Claude 3.5 vs. Claude 3.7: Fresh Test
Hey everyone! With the release of Claude 3.7 today, a hybrid reasoning model, I decided to test it against Claude 3.5 using @Trickle to generate websites from the same single prompt.
Check out the results:👇
Trickle + Claude 3.5: View Website
Trickle + Claude 3.7: View Website
Findings:🔎
Claude 3.7 creates a more polished, complete website with better details and interactivity.
Clearly, Claude 3.7’s coding capabilities are superior to 3.5, handling more complex structures and finer details.
However, it’s more token-heavy than 3.5.
I’d love to hear if anyone else has tried Claude 3.7 yet or has insights into these trade-offs.
Let’s discuss!🙂
Replies
We added it to our AI-powered spreadsheet, and the results are insane! See here
@cole_at_quadratic can't wait to check out your launch! I'm dying for the robots to come for financial models!
Claude 3.7 is definitely groundbreaking and impressive, but I believe Claude can go even further and evolve even more! Let's go 🚀🚀
Revealio: Discover & Connect
I used Claude 3.5 extensively during the development cycle of my latest app.

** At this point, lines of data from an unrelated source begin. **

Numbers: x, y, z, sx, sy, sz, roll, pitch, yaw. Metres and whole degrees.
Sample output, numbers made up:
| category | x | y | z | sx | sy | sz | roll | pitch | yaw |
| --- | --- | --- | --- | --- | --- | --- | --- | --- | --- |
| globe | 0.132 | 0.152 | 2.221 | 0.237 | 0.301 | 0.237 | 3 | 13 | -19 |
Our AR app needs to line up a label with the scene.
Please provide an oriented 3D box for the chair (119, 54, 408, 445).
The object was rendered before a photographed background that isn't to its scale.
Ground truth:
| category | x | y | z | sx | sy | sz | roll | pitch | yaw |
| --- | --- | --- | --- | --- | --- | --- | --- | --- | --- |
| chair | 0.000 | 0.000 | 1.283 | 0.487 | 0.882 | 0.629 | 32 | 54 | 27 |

Recently, I tried Claude 3.7 and noticed something important: Claude 3.5 actually performed better in one key area.
While 3.7 is more advanced in many ways, I've found it to be too docile - it rarely pushes back on questionable requests. Claude 3.5, on the other hand, would often suggest alternative (and frankly better) approaches when my initial idea wasn't optimal.
This constructive resistance from 3.5 led to better outcomes in my development process. I value an AI assistant that acts as a thoughtful collaborator rather than just following instructions without question.

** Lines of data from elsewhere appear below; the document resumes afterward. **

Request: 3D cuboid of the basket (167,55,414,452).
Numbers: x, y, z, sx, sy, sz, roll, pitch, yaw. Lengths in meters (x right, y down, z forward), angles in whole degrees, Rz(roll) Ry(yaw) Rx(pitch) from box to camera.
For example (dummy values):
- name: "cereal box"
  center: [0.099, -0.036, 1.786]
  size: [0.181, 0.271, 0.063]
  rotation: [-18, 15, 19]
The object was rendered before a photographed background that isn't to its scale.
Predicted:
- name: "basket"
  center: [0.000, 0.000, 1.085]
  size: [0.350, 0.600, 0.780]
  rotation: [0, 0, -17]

Has anyone else noticed this shift in behavior between versions?
This update is great! When you say you used them in combination, how exactly did you do that?

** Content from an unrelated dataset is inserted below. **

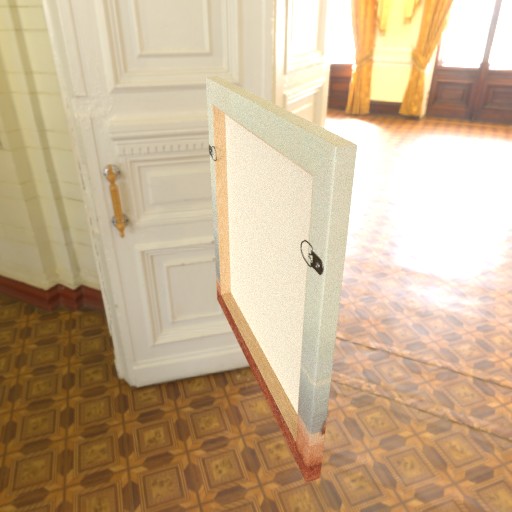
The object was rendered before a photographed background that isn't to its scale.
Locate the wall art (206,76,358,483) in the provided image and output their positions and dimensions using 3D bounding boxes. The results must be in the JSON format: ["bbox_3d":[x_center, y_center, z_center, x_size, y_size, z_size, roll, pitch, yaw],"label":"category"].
[{"bbox_3d":[0.000,0.000,0.600,0.023,0.405,0.405,-10,31,-17],"label":"wall art"}]

Claude generates decent code that represents a Trickle style website, however I'm wondering how you put these two together as Trickle seems to have their own Chat AI Assistant.
Pinch
From testing 3.7 vs 3.5 in Cursor Agent, I've found it's a lot better at estimating when it has enough context to implement or it needs to go check more files first. Looking forward to trying it some more
The improved structure and detail sound amazing. I wonder how it handles more creative website designs.